Metadata-Version: 2.1
Name: GlobalOptimizationHRLA
Version: 1.0.1
Summary: A package to solve global optimization problems in small dimensions. The method is based on sampling algorithms, and specifically implements the high-resolution Langevin algorithm
Author-email: Daniel Cortild <d.cortild@rug.nl>
Project-URL: Homepage, https://github.com/DanielCortild/GlobalOptimization
Project-URL: Bug Tracker, https://github.com/DanielCortild/GlobalOptimization/issues
Classifier: Programming Language :: Python :: 3
Classifier: License :: OSI Approved :: MIT License
Classifier: Operating System :: OS Independent
Requires-Python: >=3.8
Description-Content-Type: text/markdown
License-File: LICENCE

# Global Optimization through High-Resolution Sampling

This package provides functions to run a global optimization algorithm, specifically designed to explore the properties of high-dimensional functions through High-Resolution sampling. It is based on the [following paper](https://arxiv.org/abs/2410.13737). The package includes tools for defining functions, setting optimization parameters, generating samples, and visualizing empirical probabilities.

## Installation

The package is available through pip, and may be installed via:

```bash
pip install Optimization_DNLA
```

## Setup

In order to use this package, you need to define:

- The target function and its gradient.
- An initial distribution for the search space.

## Main Usage

### 1. Defining the Target Function and Gradient

The provided example uses the Rastrigin function as the target for optimization.

```python
import numpy as np

d = 10
U = lambda x: d + np.linalg.norm(x) ** 2 - np.sum(np.cos(2 * np.pi * x))
dU = lambda x: 2 * x + 2 * np.pi * np.sin(2 * np.pi * x)
```

### 2. Sampling from an Initial Distribution

Define an initial distribution from which samples are generated:

```python
initial = lambda: np.random.multivariate_normal(np.zeros(d) + 3, 10 * np.eye(d))
```

### 3. Running the Algorithm

To execute the global optimization algorithm, use the DNLA.Algorithm class.

```python
import Optimization_DNLA as DNLA

algorithm = DNLA.Algorithm(d=d, M=100, N=10, K=14000, h=0.01, title=title, U=U, dU=dU, initial=initial)
samples_filename = algorithm.generate_samples(As=[1,2,3,4], sim_annealing=False)
```

#### **Parameters:**

- **d** (_int_): Dimension of the search space.
- **M** (_int_): Number of particles in the swarm.
- **N** (_int_): Number of generations for resampling.
- **K** (_int_): Total number of iterations to perform.
- **h** (_float_): Step size for gradient descent.
- **title** (_str_): Title for the optimization, useful for organizing saved data.
- **U** (_function_): The target function to optimize.
- **dU** (_function_): The gradient of the target function.
- **initial** (_function_): The initial distribution for generating particles.
- **As** (_list_): List of tolerances or annealing factors to adjust optimization.
- **sim_annealing** (_bool_): Determines whether to apply simulated annealing (default is False).

#### **Returns:**

- **samples_filename** (_str_): Path to the file where generated samples are saved.

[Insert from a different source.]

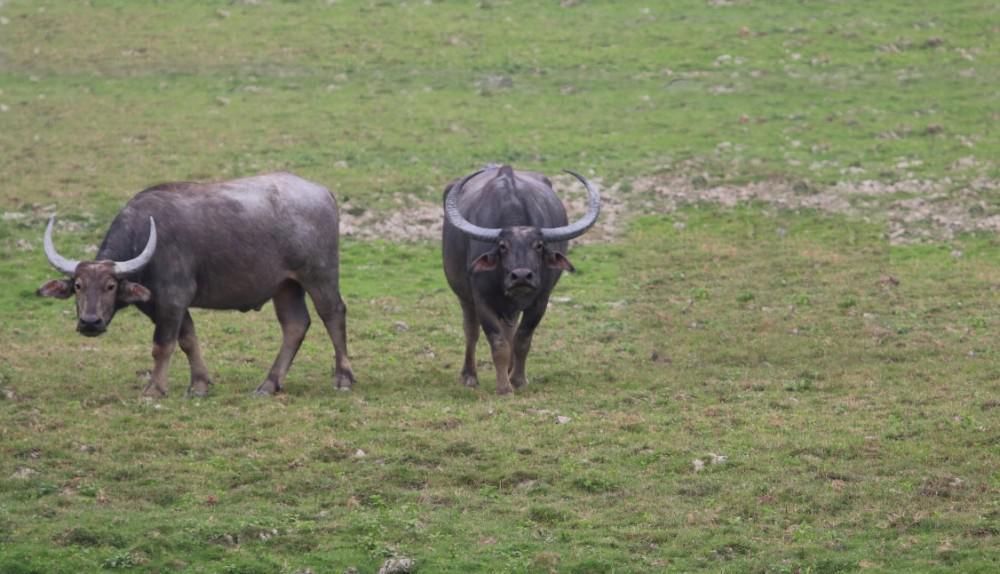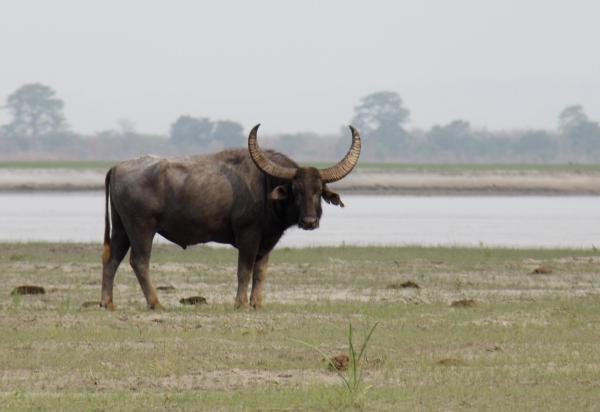The first image is the image on the left, the second image is the image on the right. Analyze the images presented: Is the assertion "At least one of the images includes a body of water that there are no water buffalos in." valid? Answer yes or no. Yes. The first image is the image on the left, the second image is the image on the right. Assess this claim about the two images: "At least one image in the pair contains only one ox.". Correct or not? Answer yes or no. Yes. 
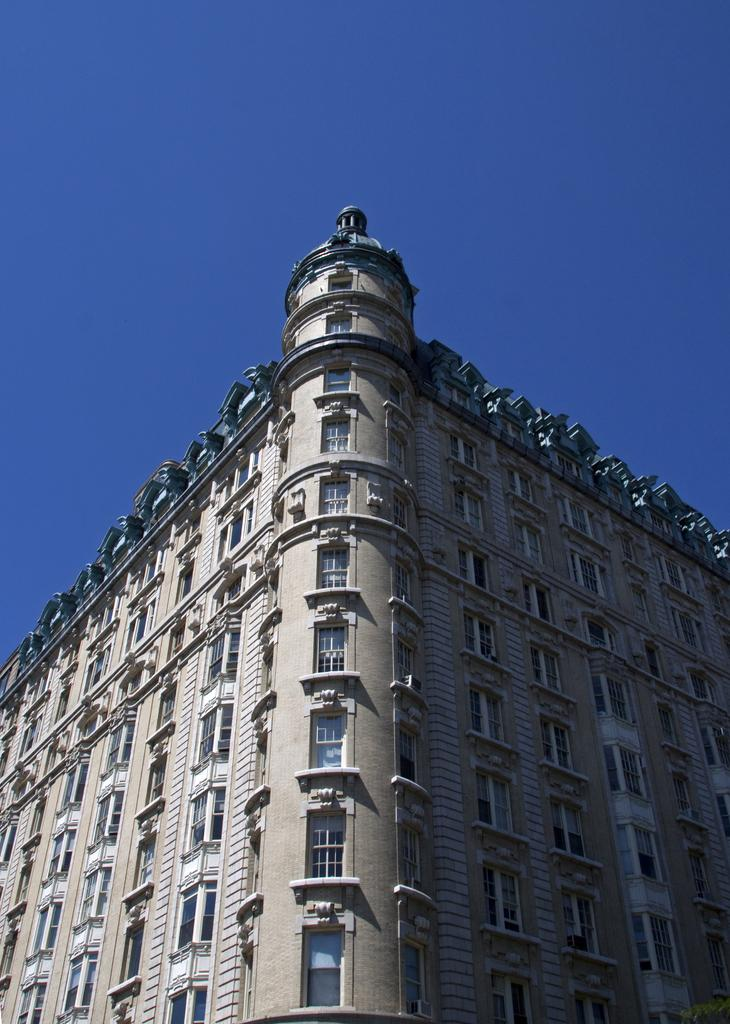What type of structure is present in the image? There is a building in the image. What type of insurance policy is being discussed at the desk in the image? There is no desk or insurance policy present in the image; it only features a building.

### 4. Post-processing and Plotting Results

After running the optimization, use the `PostProcessor` object to analyze and plot the empirical probabilities from the generated samples.

```python
postprocessor = DNLA.PostProcessor(samples_filename)
```

#### **Parameters:**

- **samples_filename** (_str_): The filename containing the generated samples data.

---

The PostProcessor object provides multiple methods. One is the `plot_empirical_probabilities` method, which generates a plot of the empirical probabilities for different tolerances.

```python
postprocessor.plot_empirical_probabilities(dpi=10, layout="32", tols=[1,2,3,4,5,6], running=False)
```

#### **Parameters:**

- **dpi** (_int_): Resolution of the plot, in dots per inch.
- **layout** (_str_): Layout of the plot, specified as a string. Must be one of `["13", "23", "32", "22"]` (default is `"23"`).
- **tols** (_list_): List of tolerances for computing empirical probabilities (default is `[1,2,3,4,5,6]`).
- **running** (_bool_): Whether to display the plot with a running average or not (default is `False`).

---

Another method is `compute_tables`, which generates tables of empirical means and standard deviations.

```python
postprocessor.compute_tables(measured=[K], dpi=100, mode="mean", running="True"")
```

#### **Parameters:**

- **measured** (_list_): List with iteration counts to measure the empirical probabilities.
- **dpi** (_int_): Resolution of the plot, in dots per inch.
- **mode** (_str_): Mode for computing the tables, specified as a string. Must be one of `["mean", "std", "best"]` (default is `"mean"`).
- **running** (_bool_): Whether to display the results are computed with a running average or not (default is `True`).

## Examples

Examples may in found in the [/examples](/examples) directory of the repository.